Children are prioritized in different ways, based on each solid organ transplant. Children waiting for kidney transplants receive “pediatric priority,” which reduces wait times by allocating kidneys from the healthiest deceased donors with the longest life expectancy to children.
What recent advancements in pediatric transplant surgery or post-operative care have improved outcomes for children, and what promising innovations are on the horizon?
There have been many advancements that have improved outcomes for children, including:
- Advancements in methods of organ procurement, which allow children to receive the best-matched organ for each unique individual
- Advancements in immune therapies to best balance the right amount of immunosuppression to maintain long-term organ and child health, while reducing undesired side effects
- Paired exchanges and national kidney registries, which allow children access to a much larger donor organ pool to receive the best-matched kidney and reduce wait times
We also expect future innovations, such as reduced-intensity stem cell/kidney transplants, with the goal of eventually coming off all immunosuppression medications as a result of induced tolerance.
Pediatric transplant patients and their families face significant emotional and psychological challenges. What strategies or support systems are most effective in helping children and their families navigate the transplant journey?
Caring for a child and their family that is growing and changing is challenging. It involves optimizing care before and after transplant as well as keeping up with their needs related to normal physical, developmental, and psychological childhood and adolescent growth. A strong multidisciplinary care team that includes dedicated transplant psychologists, transplant social workers, in-hospital school teachers, and child life support teams is key. Family and caregiver support groups are also huge pillars of support for our kids.

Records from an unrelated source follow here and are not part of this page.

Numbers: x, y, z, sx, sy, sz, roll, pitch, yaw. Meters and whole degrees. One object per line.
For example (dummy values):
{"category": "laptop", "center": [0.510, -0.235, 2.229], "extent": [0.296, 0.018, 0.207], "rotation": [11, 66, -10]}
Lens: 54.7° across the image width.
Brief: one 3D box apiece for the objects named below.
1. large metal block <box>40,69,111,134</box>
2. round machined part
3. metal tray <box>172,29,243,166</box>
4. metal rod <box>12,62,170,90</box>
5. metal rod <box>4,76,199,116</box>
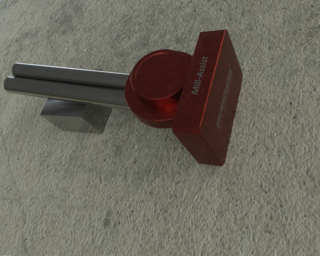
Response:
{"category": "large metal block", "center": [-0.120, -0.040, 0.470], "extent": [0.080, 0.050, 0.080], "rotation": [4, 63, 29]}
{"category": "round machined part", "center": [0.005, -0.052, 0.360], "extent": [0.098, 0.042, 0.098], "rotation": [-6, 63, 13]}
{"category": "metal tray", "center": [0.059, -0.033, 0.351], "extent": [0.030, 0.090, 0.130], "rotation": [4, 63, 30]}
{"category": "metal rod", "center": [-0.072, -0.065, 0.424], "extent": [0.301, 0.025, 0.025], "rotation": [9, 65, 17]}
{"category": "metal rod", "center": [-0.080, -0.041, 0.414], "extent": [0.301, 0.025, 0.025], "rotation": [9, 66, 18]}
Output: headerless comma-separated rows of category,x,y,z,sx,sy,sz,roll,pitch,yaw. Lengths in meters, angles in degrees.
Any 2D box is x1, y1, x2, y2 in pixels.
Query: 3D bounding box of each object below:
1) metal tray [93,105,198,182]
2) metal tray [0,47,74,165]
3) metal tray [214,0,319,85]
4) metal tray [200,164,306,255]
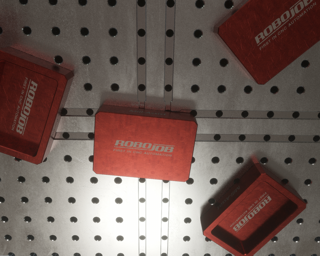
metal tray,-0.021,0.022,0.418,0.131,0.030,0.089,6,110,-3
metal tray,-0.176,-0.026,0.398,0.090,0.030,0.129,21,109,-8
metal tray,0.142,-0.126,0.366,0.130,0.030,0.090,-40,106,13
metal tray,0.135,0.127,0.459,0.090,0.030,0.130,36,106,-13
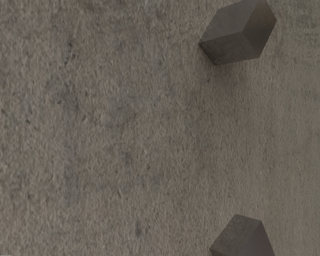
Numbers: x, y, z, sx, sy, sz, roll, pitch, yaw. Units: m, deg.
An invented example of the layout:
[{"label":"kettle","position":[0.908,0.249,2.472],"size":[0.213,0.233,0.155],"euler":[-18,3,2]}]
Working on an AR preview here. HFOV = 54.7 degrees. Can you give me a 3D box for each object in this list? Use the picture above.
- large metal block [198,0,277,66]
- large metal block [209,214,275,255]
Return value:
[{"label":"large metal block","position":[0.117,-0.146,0.470],"size":[0.050,0.080,0.080],"euler":[45,63,-31]},{"label":"large metal block","position":[0.136,0.203,0.507],"size":[0.080,0.050,0.080],"euler":[-39,114,-33]}]
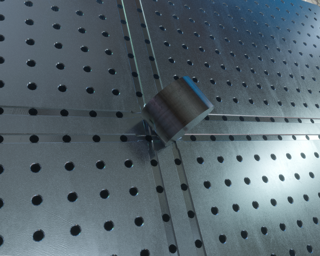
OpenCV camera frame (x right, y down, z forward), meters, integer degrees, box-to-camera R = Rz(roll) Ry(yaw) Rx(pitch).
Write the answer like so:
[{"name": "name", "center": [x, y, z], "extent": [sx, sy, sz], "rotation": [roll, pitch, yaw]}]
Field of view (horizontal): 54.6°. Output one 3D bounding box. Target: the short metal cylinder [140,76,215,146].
[{"name": "short metal cylinder", "center": [0.022, -0.021, 0.396], "extent": [0.081, 0.080, 0.050], "rotation": [-32, 79, -38]}]
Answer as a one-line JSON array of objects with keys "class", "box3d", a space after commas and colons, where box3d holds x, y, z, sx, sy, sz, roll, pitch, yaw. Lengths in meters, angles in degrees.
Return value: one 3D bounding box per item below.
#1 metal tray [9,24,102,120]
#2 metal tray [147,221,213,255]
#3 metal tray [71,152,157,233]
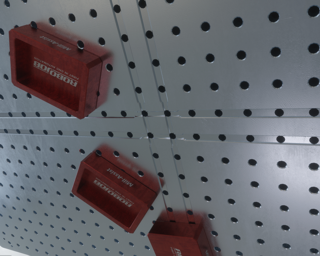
[{"class": "metal tray", "box3d": [-0.150, -0.079, 0.439, 0.130, 0.030, 0.089, 26, 128, 12]}, {"class": "metal tray", "box3d": [0.042, 0.218, 0.522, 0.090, 0.030, 0.129, -6, 116, 30]}, {"class": "metal tray", "box3d": [-0.079, 0.109, 0.518, 0.130, 0.030, 0.089, 33, 129, 7]}]
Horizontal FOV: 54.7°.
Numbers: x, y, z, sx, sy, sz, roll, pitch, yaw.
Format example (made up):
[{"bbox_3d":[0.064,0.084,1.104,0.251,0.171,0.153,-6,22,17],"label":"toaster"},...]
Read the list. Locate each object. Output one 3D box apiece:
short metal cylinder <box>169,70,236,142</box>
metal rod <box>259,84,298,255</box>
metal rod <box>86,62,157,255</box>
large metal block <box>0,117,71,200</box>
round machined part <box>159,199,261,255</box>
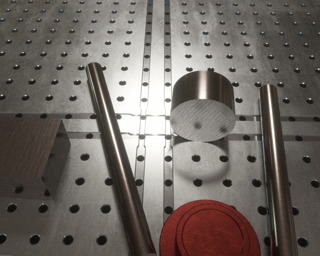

How can we increase organ donation rates, particularly for pediatric patients, and what role do education and advocacy play in raising awareness about the need for pediatric organ donors?
Education and awareness are key components to increasing the pediatric deceased donor pool. Some key ways to raise awareness include:
- Family/caregiver-focused education can show families the benefits of transplantation, the donation process, and the role of consent
- Provider/nursing/medical professional-focused education ensures medical teams have effective and informed communication to discuss organ donation at critical times
- Outreach to community organizations, religious communities, et cetera can educate and promote organ donation awareness and need
Another option to increase transplant rates is living donation. Adults who are 18-55 years old and in excellent health can consider becoming a living donor. An adult living donor can donate a kidney or a portion of their liver to a child waiting on the transplant waitlist. Adults can directly donate to a child in need or be a non-directed donor, donating to a child they have never met.

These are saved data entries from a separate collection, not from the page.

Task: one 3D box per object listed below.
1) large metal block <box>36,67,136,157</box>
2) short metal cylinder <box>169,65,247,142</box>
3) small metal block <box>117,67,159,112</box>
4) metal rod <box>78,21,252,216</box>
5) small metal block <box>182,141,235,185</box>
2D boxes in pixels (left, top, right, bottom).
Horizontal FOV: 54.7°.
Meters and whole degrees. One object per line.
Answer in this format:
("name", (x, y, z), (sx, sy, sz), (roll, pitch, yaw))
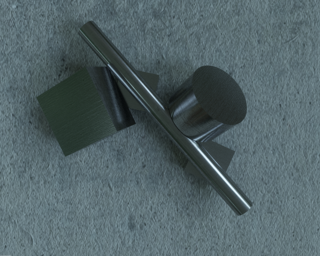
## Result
("large metal block", (-0.090, -0.021, 0.381), (0.080, 0.050, 0.080), (-25, 91, 23))
("short metal cylinder", (0.058, -0.029, 0.379), (0.081, 0.050, 0.080), (16, 57, -25))
("small metal block", (-0.031, -0.049, 0.411), (0.050, 0.025, 0.050), (12, 90, -1))
("metal rod", (0.007, -0.012, 0.386), (0.025, 0.025, 0.300), (-41, 91, 0))
("small metal block", (0.064, 0.042, 0.412), (0.050, 0.025, 0.050), (24, 90, -1))
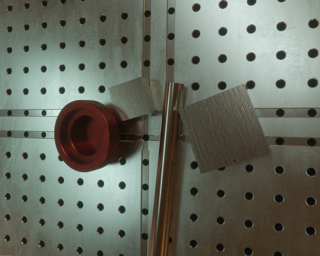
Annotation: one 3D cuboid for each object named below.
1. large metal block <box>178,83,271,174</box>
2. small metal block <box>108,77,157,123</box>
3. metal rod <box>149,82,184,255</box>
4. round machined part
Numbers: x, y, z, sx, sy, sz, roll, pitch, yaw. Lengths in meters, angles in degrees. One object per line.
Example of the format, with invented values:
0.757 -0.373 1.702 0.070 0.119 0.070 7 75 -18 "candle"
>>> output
0.078 0.002 0.372 0.080 0.050 0.080 -21 83 18 "large metal block"
-0.037 -0.037 0.426 0.050 0.025 0.050 -16 85 19 "small metal block"
0.005 0.090 0.410 0.025 0.025 0.298 6 92 20 "metal rod"
-0.096 0.010 0.432 0.098 0.042 0.097 2 95 28 "round machined part"
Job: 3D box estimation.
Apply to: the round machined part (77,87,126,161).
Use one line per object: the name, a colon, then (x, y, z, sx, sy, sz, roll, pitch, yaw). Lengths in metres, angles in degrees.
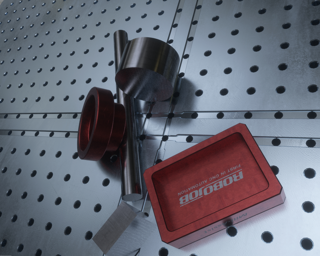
round machined part: (-0.078, -0.004, 0.418, 0.098, 0.042, 0.098, -34, 51, 56)

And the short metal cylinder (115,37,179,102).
short metal cylinder: (-0.016, -0.079, 0.429, 0.080, 0.080, 0.050, -1, 61, 27)

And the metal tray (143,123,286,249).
metal tray: (0.054, 0.062, 0.337, 0.130, 0.030, 0.090, -27, 52, 10)

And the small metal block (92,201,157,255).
small metal block: (-0.037, 0.114, 0.340, 0.025, 0.050, 0.050, 33, 80, 38)

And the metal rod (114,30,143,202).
metal rod: (-0.051, -0.039, 0.457, 0.025, 0.025, 0.299, -20, 54, 16)

Immunosuppressive medications are crucial for preventing organ rejection. How do you manage the long-term medication regimen for pediatric patients, and what are the key challenges in ensuring adherence, especially as children grow into adolescence?
Managing long-term medications after transplant begins at the very beginning of the transplant journey and is based on a trusting bi-directional relationship between the child and caregivers and their medical team. Childhood and adolescence are times of immense physical and developmental change, so frequent medication changes are expected. Due to challenges associated with adherence and significant life changes during adolescence and young adulthood, solid organ transplant recipients between the ages of 16-24 years old have the highest risk of organ rejection as compared to their peers.
A multidisciplinary approach to caring for the entire patient during this time — setting in place supports and safety nets — is key to success. Teaching skills to pediatric solid organ transplant recipients to manage long-term medical needs during the transition from childhood to adulthood should be a key focus for pediatric transplant programs and should be done in partnership with adult transplant programs.
What are some of the key factors that influence the long-term success of pediatric transplants, and how do transplant teams ensure the best possible quality of life for children as they grow and develop post-transplant?
Receiving a solid organ transplant is a life-changing opportunity and responsibility. We focus on supporting each individual patient to allow them to thrive physically and developmentally, and we stress that the relationship with the multidisciplinary transplant team is a lifelong, strong, and important bond.
Elizabeth Steinberg Christofferson, Ph.D.
Associate Professor of Psychiatry and Pediatrics, University of Colorado School of Medicine; Clinical Director of Solid Organ Transplant Psychology and Pediatric Psychologist, Solid Organ Transplant Surgery
Pediatric transplant patients and their families face significant emotional and psychological challenges. What strategies or support systems are most effective in helping children and their families navigate the transplant journey?
Psychosocial support of pediatric transplant patients is critical for supporting the behavioral, emotional, and psychological well-being of patients and families. Our transplant psychology team meets with children and families and engages in clinical assessment and treatment across the heart, liver, and kidney transplant programs during inpatient hospitalizations and procedures as well as outpatient medical clinic settings.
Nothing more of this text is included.